### WHAT YOU HAVE TO DO
Output exactly the lines that run from the top of the entries to the line holding "- **stool**: translation", including both of those lines.

### TASK DATA
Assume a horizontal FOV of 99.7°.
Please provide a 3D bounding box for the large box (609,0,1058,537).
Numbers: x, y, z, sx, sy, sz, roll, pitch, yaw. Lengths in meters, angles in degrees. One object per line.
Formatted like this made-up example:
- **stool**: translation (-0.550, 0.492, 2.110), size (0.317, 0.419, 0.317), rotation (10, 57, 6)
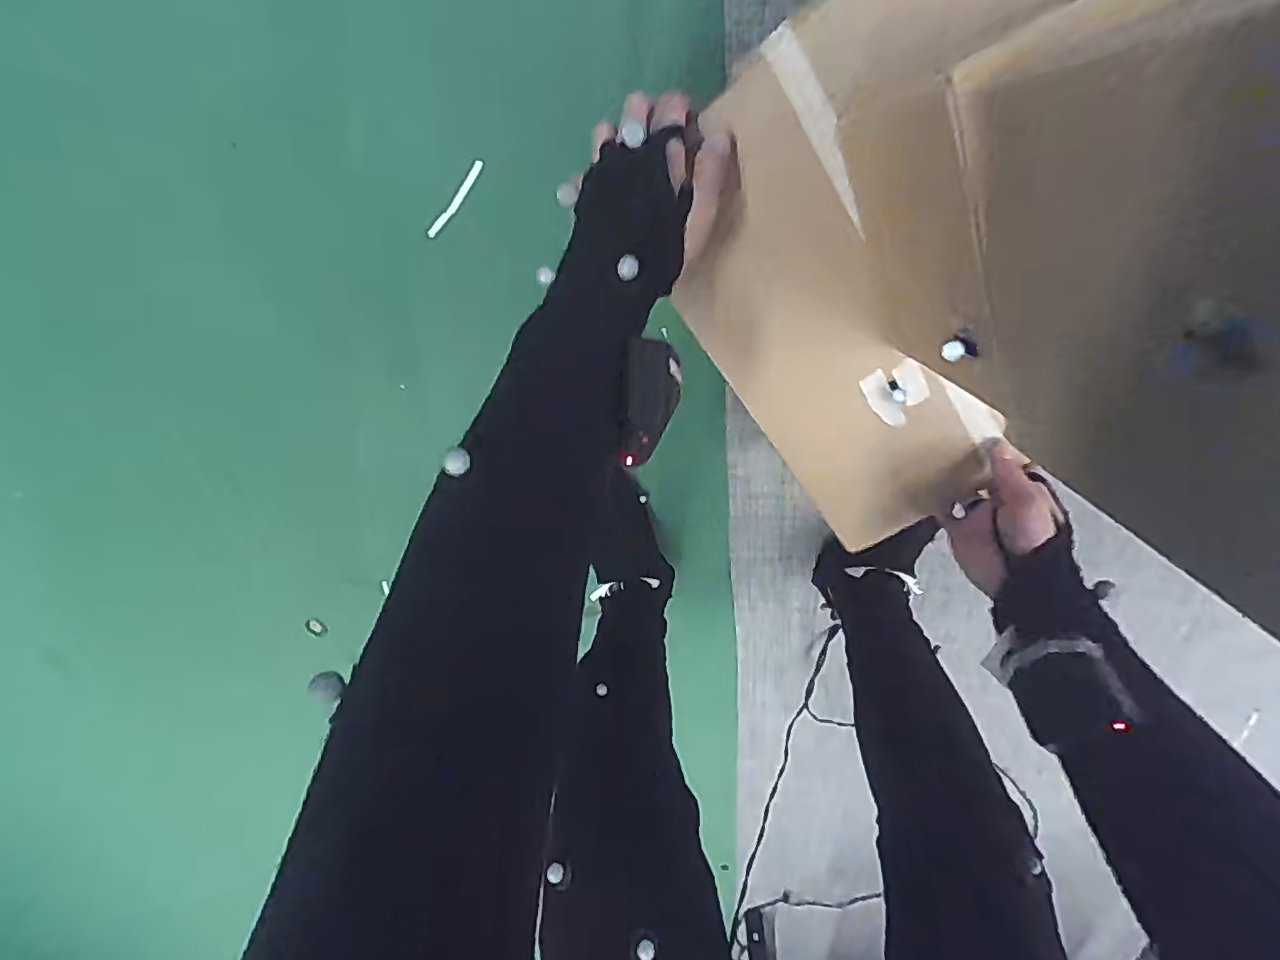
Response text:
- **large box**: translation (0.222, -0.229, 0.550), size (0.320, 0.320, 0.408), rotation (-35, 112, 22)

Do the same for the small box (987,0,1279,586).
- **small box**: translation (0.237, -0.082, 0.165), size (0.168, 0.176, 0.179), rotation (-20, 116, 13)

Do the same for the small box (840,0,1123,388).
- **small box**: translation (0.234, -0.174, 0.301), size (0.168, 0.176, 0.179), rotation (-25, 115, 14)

### RESPONSE AREA
Assume a horizontal FOV of 99.7°.
Please provide a 3D bounding box for the large box (609,0,1058,537).
Numbers: x, y, z, sx, sy, sz, roll, pitch, yaw. Lengths in meters, angles in degrees. One object per line.
Formatted like this made-up example:
- **stool**: translation (-0.550, 0.492, 2.110), size (0.317, 0.419, 0.317), rotation (10, 57, 6)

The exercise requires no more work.